Медяк ожесточенно прошипел что-то мне вслед и повернул назад. Не хотел он брать меня силой, и я была ему за это признательна. Может, я и отблагодарю его за это. Но только не сегодня. Сейчас я просто хотела спать. Пусть мне приснится Слава, раз уж я не могу жить с ним.
Увы, но я слишком боялась Медяка, чтобы уйти к Славе. Он ведь страшно зол на Кречета, и ему ничего не стоит убить его. Он застрелит Славу, если я вдруг уйду к нему. Да и меня тоже.
Да и не могла я уйти к Славе. Где он? Почему не дает о себе знать? Может, ему хватило тех ночей, которые мы провели вместе, чтобы разлюбить меня? У мужиков так бывает – сначала страсть, а потом отвращение. Вдруг его тошнит от меня, а я буду ему навязываться? Нет, я девушка гордая, вдобавок не особенно умная и с каждым днем становлюсь все глупее.

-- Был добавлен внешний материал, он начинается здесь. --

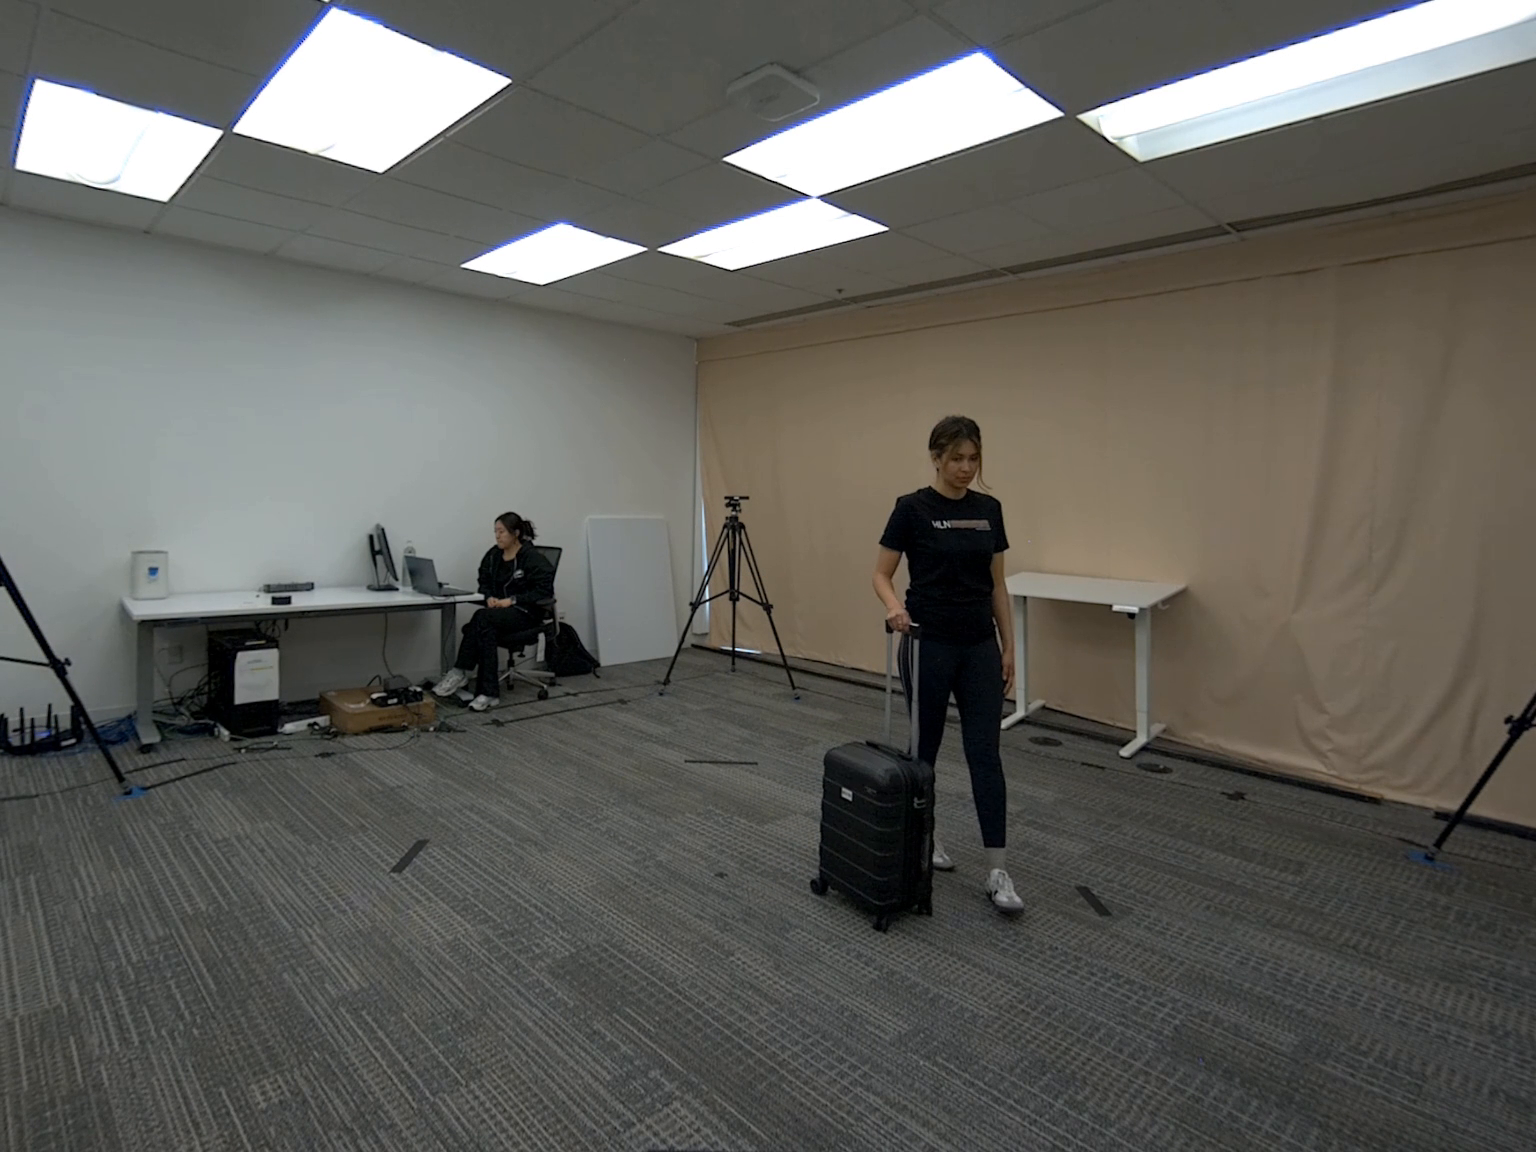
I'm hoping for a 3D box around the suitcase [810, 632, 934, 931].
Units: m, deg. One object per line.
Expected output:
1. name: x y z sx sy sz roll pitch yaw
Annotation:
1. suitcase: 0.365 0.663 2.854 0.252 0.974 0.393 -3 7 -32

Да, я действительно тупела под крышей у Медяка, но мысль об этом не помешала мне заснуть.
Охрана у меня будь здоров – Медяк со своими бойцами плюс Бугай. Только вот от фабрики до бара мне пришлось ехать одной. Бугай в больнице с аппендицитом, а замены ему пока нет. Можно было Медяку позвонить, он прислал бы кого-нибудь из своей свиты, но мне не хотелось к нему обращаться. От его бойцов меня уже тошнило. Да и чего мне бояться, если я уже почти никто в панфиловской системе? Кому я нужна? К тому же мещерские уже успокоились. Да и ствол у меня за поясом.
Поздняя осень, темнеет рано. Еще семи нет, а за окном уже темно. Фонари не светят. Все бы ничего, но машина вдруг задергалась и остановилась. Я глянула на топливный датчик – стрелка показывала половину бака, значит, с бензином без проблем. Тогда что? «Девятка» у меня почти новая, какие могут быть поломки?
Машина не должна была сдохнуть, но, увы, стоит она, родимая, без движения и никаким уговорам не поддается. Неподалеку от дороги райсобес, там есть телефон, и я могу позвонить Медяку в «Оазис». А еще лучше пешком дойти до бара.
Я вышла из машины, глазами нащупала в темноте тропку, по которой и выбралась на тротуар.
Да и вообще, с каких это пор я стала бояться темных закоулков? Что со мной происходит? Что за деградация?
Я отбросила от себя малодушные мысли, решительно перешагнула через лужу. До улицы Огарева осталось совсем чуть-чуть, когда с нее навстречу мне свернули два парня. Они шли спокойно, без резких движений, о чем-то негромко разговаривая между собой. Я слышала их голоса, но не узнавала. Незнакомые личности не могли не вызвать подозрения, поэтому я тихонько достала из-под куртки пистолет.
Ствол я держала в опущенной руке, и парни его даже не видели. Признаков агрессии они не выказывали, а когда мы поравнялись, выстроились в шеренгу, освобождая проход. Я прошла мимо первого – ничего. Второй тоже не думал нападать на меня. Все произошло, когда я возвращала пистолет на место. Кто-то нагнал меня, схватил сзади за шею и стал душить.
Очнулась я в машине. Руки связаны, ноги тоже, на голове какой-то мешок. Сознание тяжелое, вязкое, липкое как смола, язык онемевший, но это не помешало мне испытать чувство радости, хоть и смутное. Я ведь думала, что меня задушат, но нет, опомнилась. Хотя и не факт, что буду жить дальше.
Машина куда-то ехала. Дорога ровная, почти без ухабов. На передних креслах сидели те самые парни, которые набросились на меня на узкой дорожке. Они о чем-то переговаривались, курили.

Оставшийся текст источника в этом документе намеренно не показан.